I don’t remember any other teen magazine editors from the time, but I remember Atoosa Rubenstein. If you’re a millennial who grew up reading these magazines, you probably do too: the giant cloud of black hair, the endless positivity, the dorky childhood photos she shared alongside her legendary editor’s letters. There’s a reason she’s the only teen magazine editor, to my knowledge, who has a thriving Instagram nostalgia account named for her.
As the myth goes, Rubenstein founded CosmoGirl, a teen spinoff of Cosmopolitan, at 26—it was her stroke of genius to write “girl” in lipstick on the logo—making her the youngest editor in chief in Hearst’s history. After a few years there, she was promoted to its corporate sister Seventeen, where her fame only grew: She got an MTV reality show, was a judge on America’s Next Top Model, and was even parodied on Saturday Night Live (Maya Rudolph played “Anoosa Rosenfeld”).
Anyone at that time might have expected her to remain a Wintour-like magazine idol for life. But that’s not what happened. Instead, Rubenstein suddenly left Seventeen after three years at the helm. She all but disappeared, shocking her fans and the industry. She became the kind of person, increasingly rare in the Instagram age, about whom people sometimes asked, “Whatever happened to … ?”
As I grew up and started to work in magazines myself, I often wondered about Rubenstein—until this past May, when she reemerged, nearly 15 years later, with the very 2021 announcement that she was joining the newsletter platform Substack. To recall another aughts teen touchstone, the day this news arrived felt to me like the very first scene of the original Gossip Girl pilot: Serena, Gossip Girl declared, was back, and the Upper East Side was abuzz. The Atoosa was back. Only there was no Gossip Girl to announce it—Rubenstein did that herself on Instagram. And the Atoosa mythology was exactly what she wanted to talk about: “I will turn the lights on some of the dark shit that was really going on in my life when I was ‘Atoosa at Seventeen,’ ” she promised in her Instagram announcement, irresistibly.
And so one summer day I found myself in front of her tony apartment building on Manhattan’s Upper West Side, where we had planned to meet to discuss her return to media. Outside the door, I felt like a teenager collapsing into the pages of Seventeen again: giddy, intimidated, second-guessing the stupid skirt I decided to wear, nervous a Trauma-rama might befall me at any moment.
When I got inside, this feeling proved both silly and warranted. “I don’t think anybody reads magazines anymore. It’s not a nice thing to say, but it’s true—there’s nothing in there that rocks your world anymore, at least not my world,” Rubenstein declared to me early on. In Rubenstein now, I found a woman whose gift for telling a great story (often, yes, about herself) is still very much alive—and who saw me, one of her grown CosmoGirls, as both an opportunity and maybe a little bit of a threat. Before our time together ended, I’d be startled to find myself in one of her Substack letters, and I’d get a proper lesson in what it really meant to cultivate a legend that riveted and then mystified a generation of girls.

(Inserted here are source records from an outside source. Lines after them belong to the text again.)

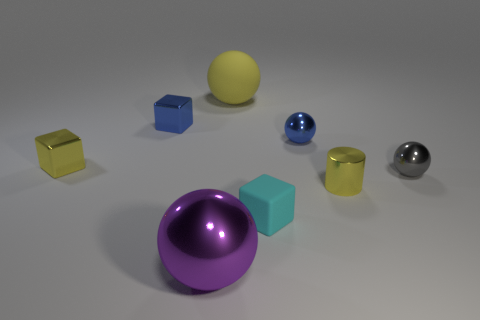Add 1 cyan objects. How many objects exist? 9 Subtract all gray spheres. How many spheres are left? 3 Subtract all purple shiny balls. How many balls are left? 3 Subtract all brown spheres. Subtract all cyan cylinders. How many spheres are left? 4 Subtract all cylinders. How many objects are left? 7 Add 3 small gray metal objects. How many small gray metal objects exist? 4 Subtract 1 purple spheres. How many objects are left? 7 Subtract all tiny rubber blocks. Subtract all gray metallic spheres. How many objects are left? 6 Add 8 purple shiny things. How many purple shiny things are left? 9 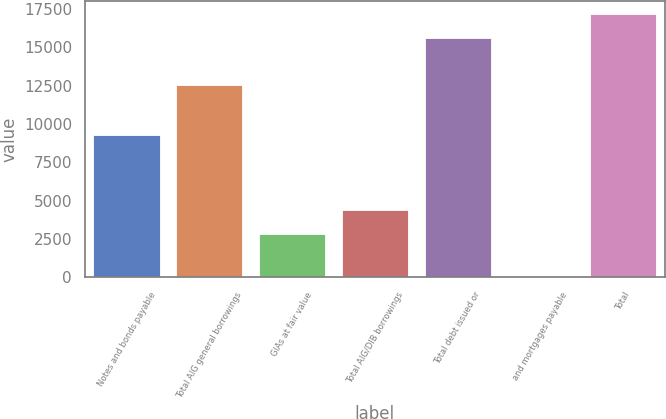<chart> <loc_0><loc_0><loc_500><loc_500><bar_chart><fcel>Notes and bonds payable<fcel>Total AIG general borrowings<fcel>GIAs at fair value<fcel>Total AIG/DIB borrowings<fcel>Total debt issued or<fcel>and mortgages payable<fcel>Total<nl><fcel>9254<fcel>12540<fcel>2827<fcel>4389.5<fcel>15625<fcel>16<fcel>17187.5<nl></chart> 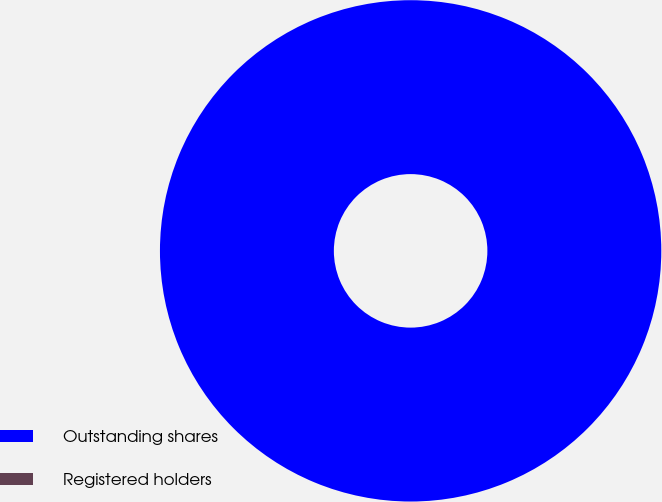Convert chart. <chart><loc_0><loc_0><loc_500><loc_500><pie_chart><fcel>Outstanding shares<fcel>Registered holders<nl><fcel>100.0%<fcel>0.0%<nl></chart> 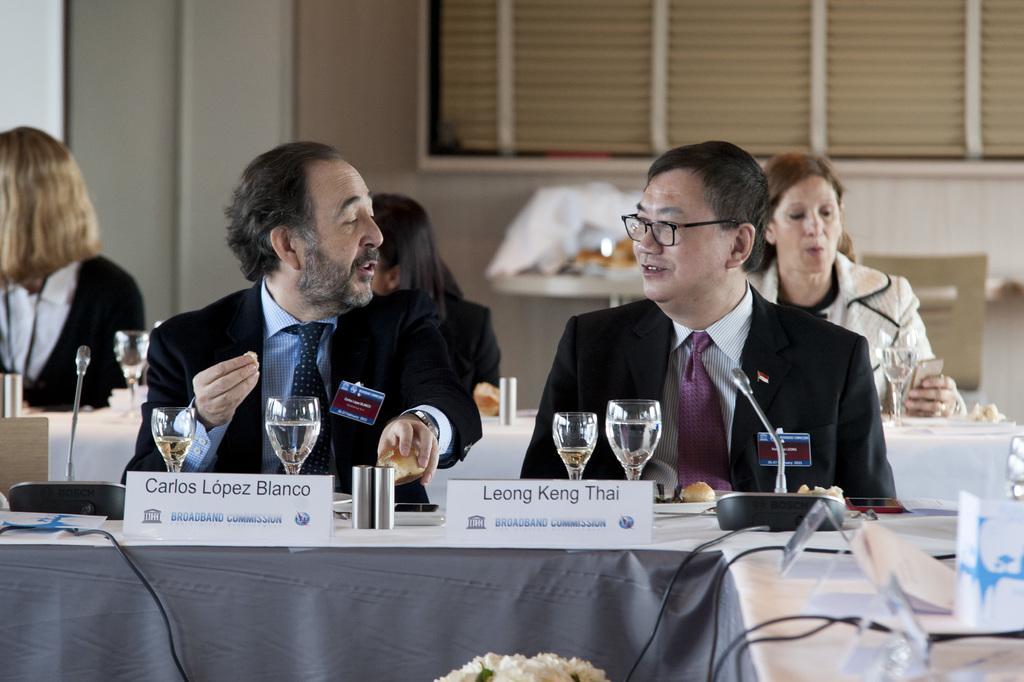Can you describe this image briefly? In this image i can see group of people sitting i can see two glasses, board on a table at the back ground i can see a window. 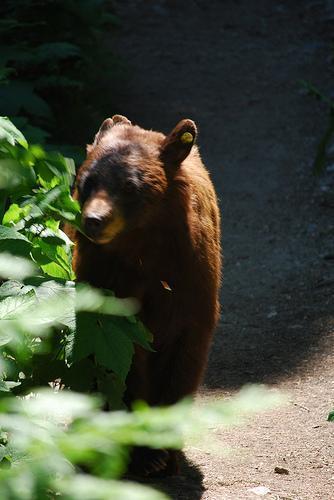How many bear are in the photo?
Give a very brief answer. 1.

Being a teenage girl in the early 2000s was a total best-of-times, worst-of-times situation: We were up against Girls Gone Wild, a cultural obsession with virginity, “I’m-not-a-feminist-but”—in other words, unremitting casual misogyny. On the other hand, we had a profusion of teen magazines, and we had Rubenstein and her relentless girl-power message.
In 2000, she was receiving hundreds, sometimes upward of a thousand of emails and snail mails a day from my fellow not-Reese-Witherspoons.
She tried to answer every note she got. But she wrote to all of us in her editor’s letters, which drew on a seemingly endless supply of tales from her immigrant upbringing (her family had come to the U.S. from Iran) and unpopular adolescence. The awkward photos were always juxtaposed with pictures of her more glamorous—but importantly, not exactly perfect—present-day self. Her February 2001 letter was classic Atoosa:
As far as I was concerned, my hair sucked. There were no “curls”—only fuzz (which, as some kids kindly told me, “felt like stuffed animal hair.” Thanks!). And then there was the body hair: from my connected eyebrows to the very hairy legs my mom wouldn’t let me shave. Oh yes: toe and belly hair included by senior year.
By the end of the column, Rubenstein was preaching to her CosmoGirls that she eventually saw her own beauty, and one day they would, too. I very nearly believed her.
Her newsletter is dismantling the legend of Atoosa—and, I eventually came to realize, creating a new one.
“She just hit the zeitgeist where young women were at that point,” said Cathie Black, the former Hearst executive who greenlit Rubenstein’s vision of CosmoGirl in what she called “probably one of the better meetings I’ve ever had in my entire career.”
“It was very girly, but it was sophisticated, and it had her voice. She had a very significant following of young women who just adored her,” Black said.
Rubenstein had a particular impact on girls who wanted to be like her. Her erstwhile readers are all over media today. New York Times tech reporter Taylor Lorenz has cited her as an inspiration. When the newsletter launched, journalist and gadfly Yashar Ali called her an “Iranian legend.” (Ali is also of Iranian heritage.) Jazmine Hughes, another New York Times reporter, once tweeted that she only had Google Alerts set for three people: “Atoosa Rubenstein, Drake and myself.”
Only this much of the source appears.